Op vrijdag 4 november 2011 is architect Joop van Stigt overleden. Met het oeuvre dat hij in de afgelopen vijftig jaar heeft opgebouwd, laat hij een bijzonder stempel achter in verschillende Nederlandse steden, en vooral in zijn geboortestad Amsterdam.
Van Stigt begon zijn carrière in 1953 bij het bureau van Alexander Bodon, toen hij nog op de HTS Bouwkunde zat. Tijdens zijn vervolgopleiding aan de Academie van Bouwkunst, vroeg Aldo van Eyck hem als tekenaar en opzichter bij de bouw van zijn beroemde Burgerweeshuis in Amsterdam. Dit project leverde Van Stigt veel ervaring en contacten op en al snel stond hij samen met jaargenoot Piet Blom bekend als the angry young men van de Nederlandse architectuur. De Prix de Rome in 1962 gaf een nieuwe impuls aan zijn carrière. Met de opdracht voor het ontwerp van de personeelskantine van de Universiteit Twente startte Van Stigt zijn eigen bureau. Er volgden in eerste instantie vele nieuwbouwprojecten, waaronder het raadhuis van Ter Aar, de woontorens in de Bijlmermeer, woningbouw voor Almere Haven en de Faculteit der Letteren in Leiden. Zijn ontwerpen kenmerken zich vooral door de structuralistische inslag, een houding die van Stigt meenam vanuit de bouwpraktijk: met weinig middelen veel voor elkaar krijgen.
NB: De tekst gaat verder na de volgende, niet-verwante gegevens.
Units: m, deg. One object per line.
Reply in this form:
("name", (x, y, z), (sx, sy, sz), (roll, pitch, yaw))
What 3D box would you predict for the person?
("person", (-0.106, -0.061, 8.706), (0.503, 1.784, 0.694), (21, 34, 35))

Later liet hij in zijn Amsterdam regelmatig zijn stem horen, onder andere als voorzitter van de welstand. Hij streed voor behoud en herstel, en kleinschalige stadsvernieuwing. Het makkelijke slopen was hem een doorn in het oog.
Vanaf 1987 was Van Stigt als hoogleraar bouwtechniek verbonden aan de TU Delft, waar hij zijn visie op herbestemming als ontwerpopgave van de toekomst met verve uitdroeg. Ondertussen bracht hij zijn ideeën samen met zijn zoon André van Stigt in de praktijk met steeds meer restauratie- en herbestemmingprojecten. Bekende voorbeelden zijn het Entrepotdok, de P.L. Takstraat, het Olympisch stadion, en de Oranje Nassaukazerne in Amsterdam en de grote kerk in Breda. Hij zette ook veel onderzoeken op over behoud en restauratie, bijvoorbeeld naar de reiniging van zandsteen gevels.
Naast zijn werk in Nederland, was Joop van Stigt ook zeer actief in Mali. Hij maakt in 1972 zijn eerste reis naar de Bandiagara-kliffen in Mali met Herman Haan. Getroffen door de armoede en onder de indruk van de cultuur, was dit het begin van een blijvende liefde voor de Dogon. Vele reizen volgden, waarvan ook veel samen met zijn vrouw Gonny, de zakelijke kracht achter het bureau Van Stigt. Hun werk begon met kleinschalige acties: het aanleggen van een dam, het bouwen van een put en vervolgens de bouw van de eerste school. Toen de vraag naar scholen en watervoorzieningen steeds groter werd, besloten ze in 1995 de Stichting Dogon Onderwijs op te richten om hun werk voor de Dogon te kunnen continueren. In het begin werd dit werk vooral bekostigd uit eigen middelen omdat Van Stigt vond dat je af en toe gewoon eens wat terug moest doen. Zoon en dochter Jurriaan en Jacqueline van Stigt zetten de activiteiten van de stichting samen met Gonny voort.
Joop van Stigt won diverse prijzen met zijn werk, waaronder de BNA-kubus voor zijn hele oeuvre en De Nationale Renovatieprijs voor het Entrepotdok en het Olympisch Stadion. Hij werd bovendien benoemd tot Ridder in Orde de van de Nederlandse Leeuw voor zijn inzet voor de kwaliteit van de Nederlandse architectuur. In Afrika werd hem dezelfde eer toegekend als Chevalier de lOrdre National de Mali.